Task requirements:
Word for word, retype the lines from the one containing "5) rack guard <box>1398,502,1428,574</box>" to the last line of the data below, both ends included.

Stored items:
[Start of section]

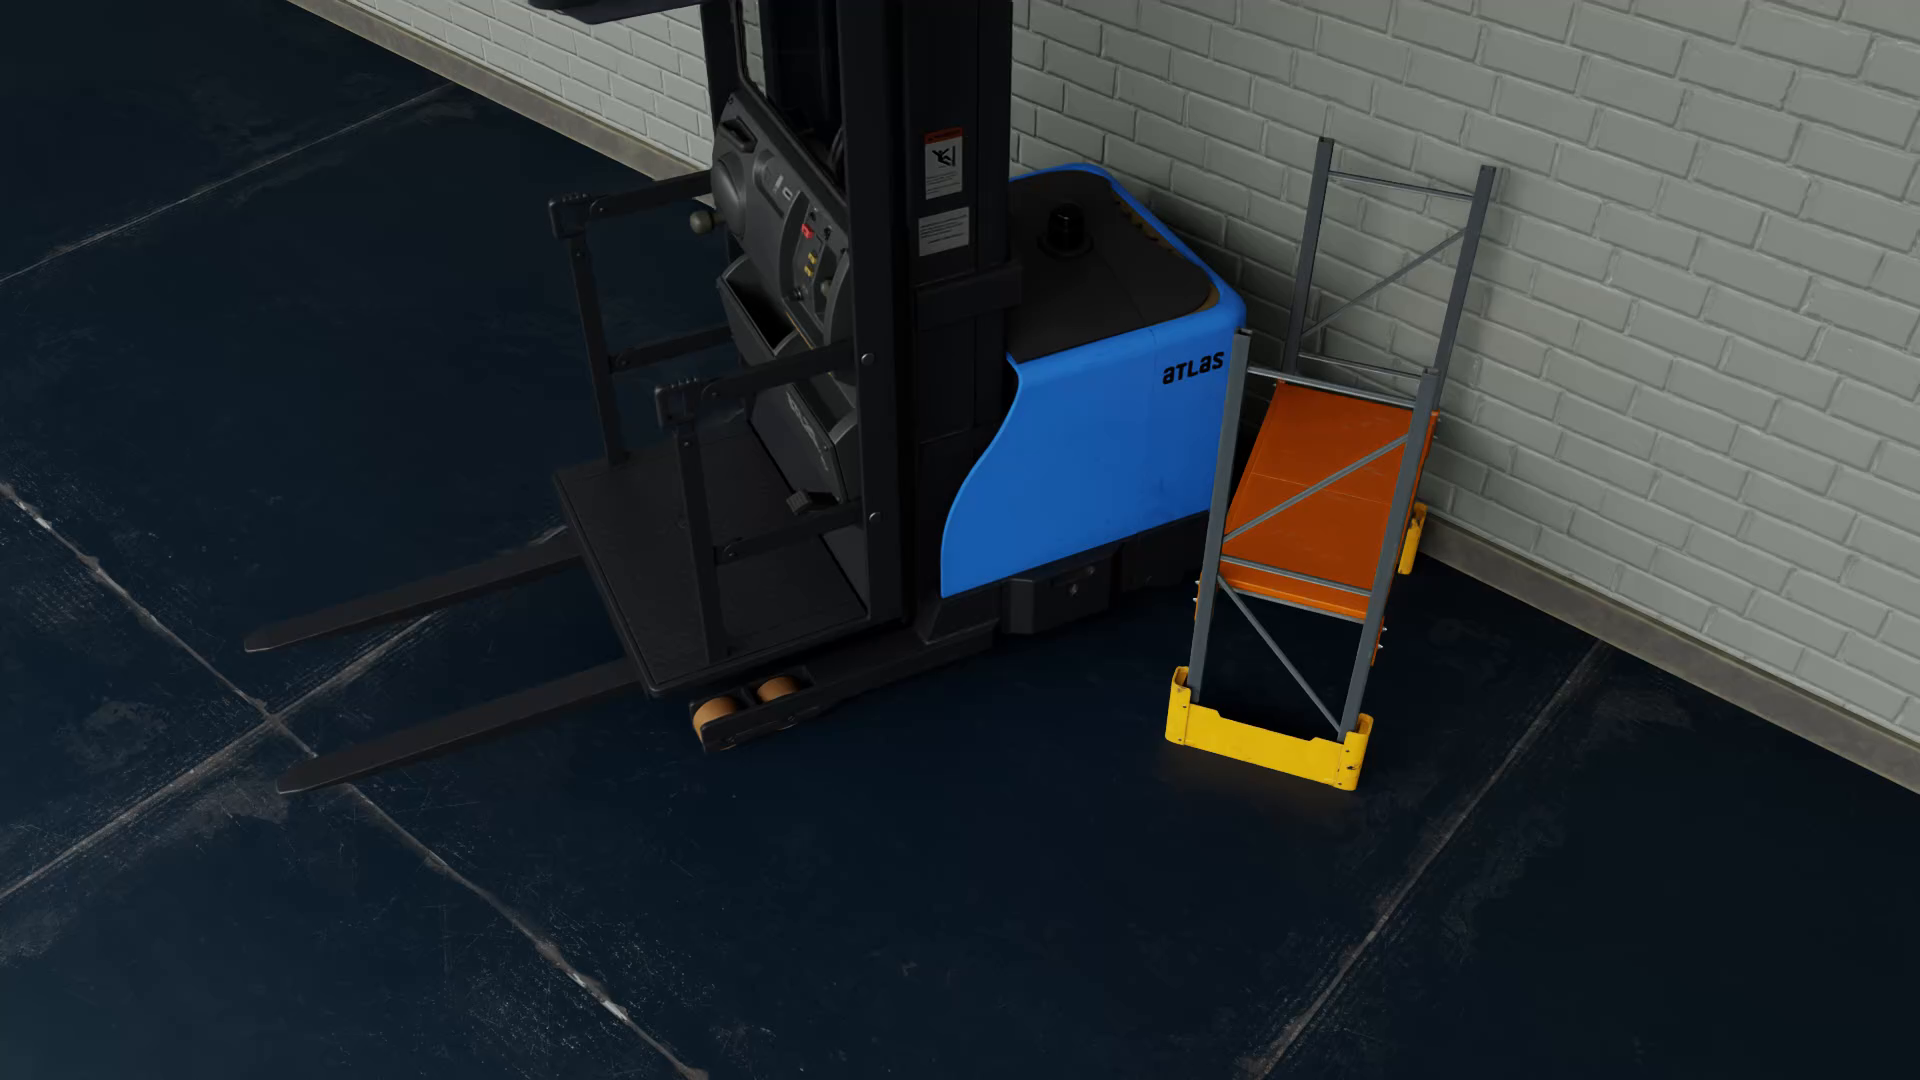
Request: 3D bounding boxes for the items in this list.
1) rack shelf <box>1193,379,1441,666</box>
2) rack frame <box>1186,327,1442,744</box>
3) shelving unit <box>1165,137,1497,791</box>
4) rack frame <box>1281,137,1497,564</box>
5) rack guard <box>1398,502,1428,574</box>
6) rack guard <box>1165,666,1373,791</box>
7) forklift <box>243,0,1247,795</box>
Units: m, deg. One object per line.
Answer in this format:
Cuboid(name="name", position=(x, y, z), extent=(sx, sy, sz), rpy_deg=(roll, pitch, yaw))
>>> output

[End of section]

Task result:
5) rack guard <box>1398,502,1428,574</box>
6) rack guard <box>1165,666,1373,791</box>
7) forklift <box>243,0,1247,795</box>
Units: m, deg. One object per line.
Answer in this format:
Cuboid(name="name", position=(x, y, z), extent=(sx, sy, sz), rpy_deg=(roll, pitch, yaw))
>>> output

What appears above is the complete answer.